Do not use savepoint without understanding the implications: please read [Undo-Redo Architecture # savepoints](undo-redo-architecture.md#savepoints)
### Undoable Custom Use Cases
If a custom use case is marked `undoable: true` in the manifest, the controller calls `executeUndoableCommand` which expects `undo()` and `redo()` methods on the use case.

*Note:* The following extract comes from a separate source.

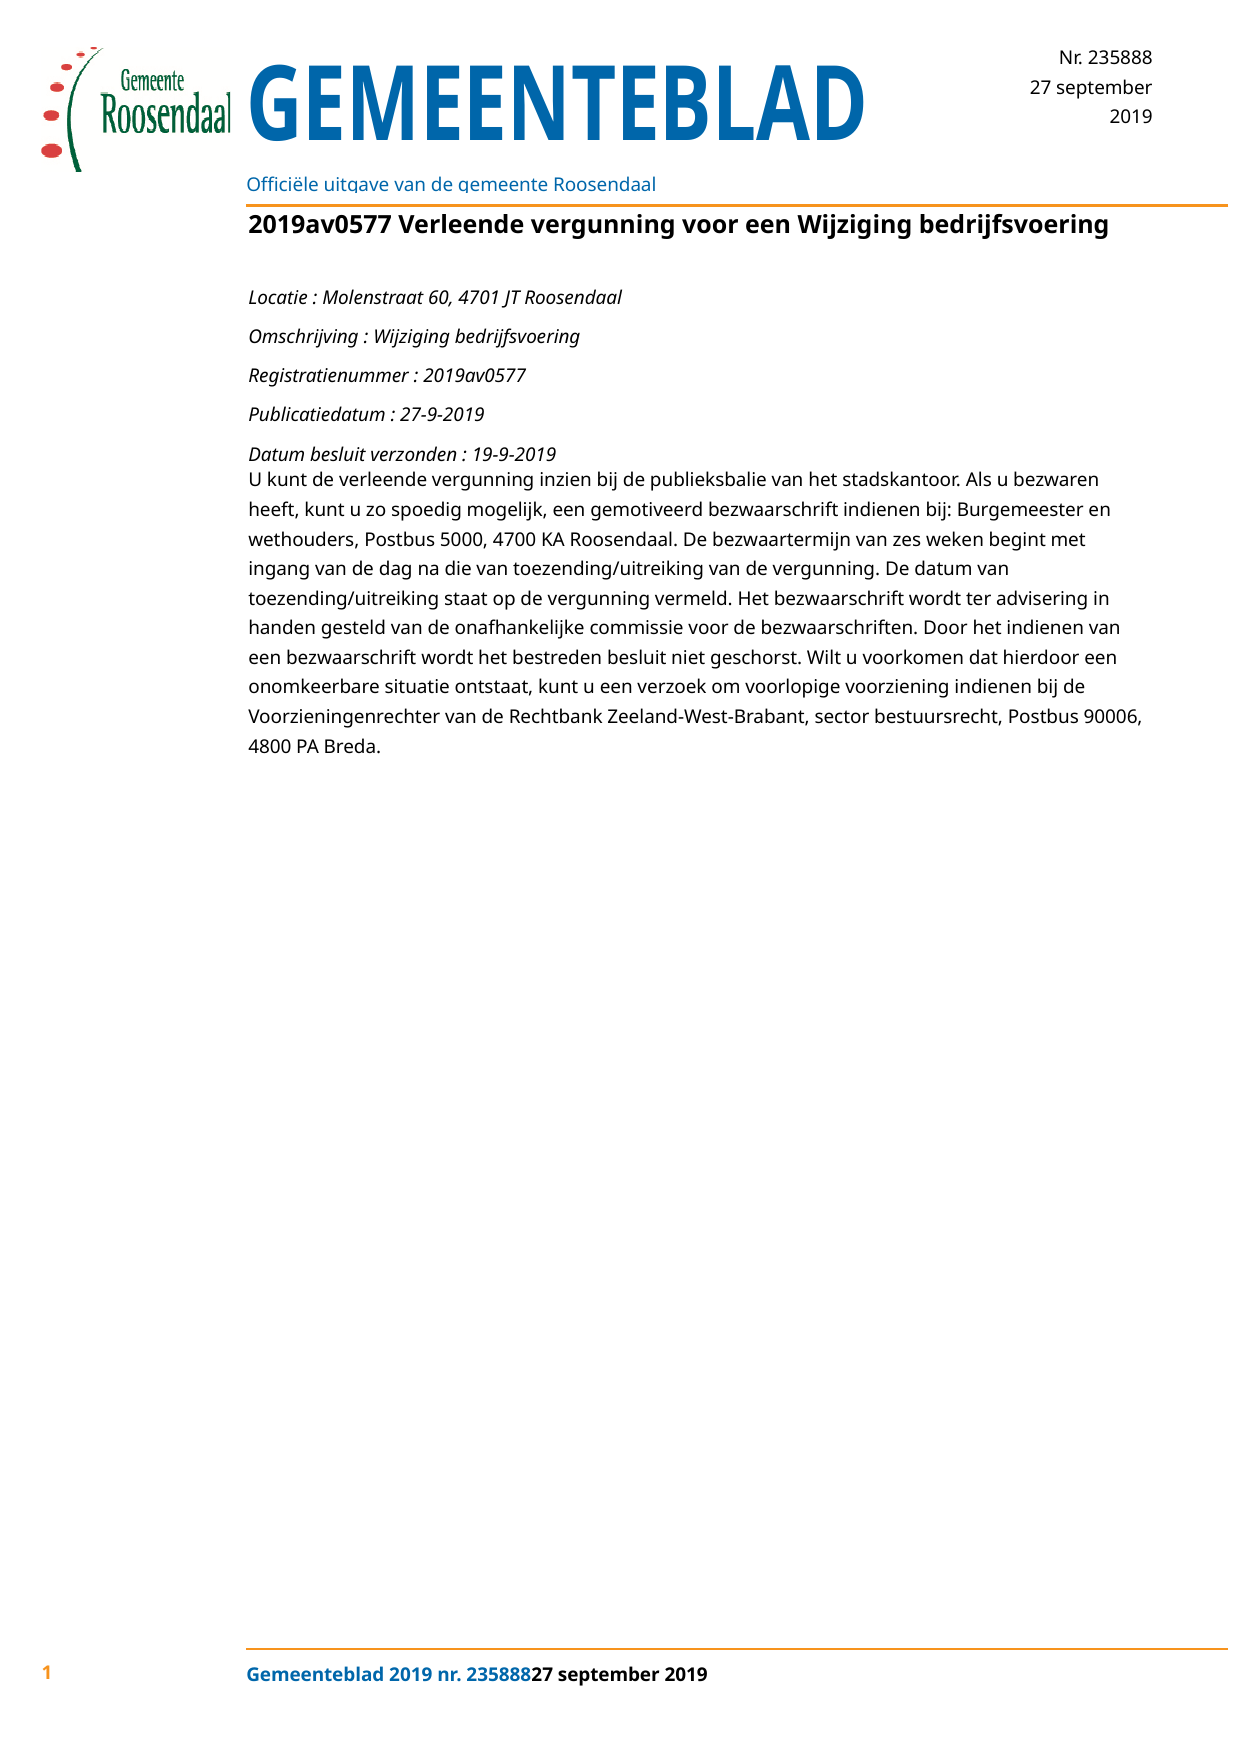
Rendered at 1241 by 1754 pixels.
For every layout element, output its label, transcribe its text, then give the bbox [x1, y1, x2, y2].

The generated scaffold only has `execute()` — **you must add `undo()` and `redo()` yourself**.
Both methods return `UndoRedo::Result<void>`. A default-constructed `Result<void>` means success; construct with an error message to signal failure.
```cpp
class SaveUseCase
{
public:
explicit SaveUseCase(std::unique_ptr<ISaveUnitOfWork> uow);
[[nodiscard]] SaveResultDto execute(const SaveDto &saveDto) const;
// Add these for undoable use cases:
UndoRedo::Result<void> undo();
UndoRedo::Result<void> redo();
private:
std::unique_ptr<ISaveUnitOfWork> m_uow;
// Store whatever state you need to undo/redo
// (e.g., snapshots taken during execute)
};
```
```cpp
UndoRedo::Result<void> SaveUseCase::undo()
{
// TODO: restore previous state (e.g., via m_uow->restoreWork(m_snapshot))
return {}; // success
}
UndoRedo::Result<void> SaveUseCase::redo()
{
// TODO: re-apply the operation
return {}; // success
}
```
The SNAPSHOT macro pair (`DECLARE_UOW_ENTITY_SNAPSHOT` / `UOW_ENTITY_SNAPSHOT`) is typically used to capture entity state during `execute()` and restore it in `undo()`.
### publish*Signal()
Every custom UoW has a `publishSignalName()` method that emits a feature-level event via the `FeatureEventRegistry`. Call it **after** a successful commit so subscribers (UI, other features) are notified. The generated scaffold calls it automatically in the use case template.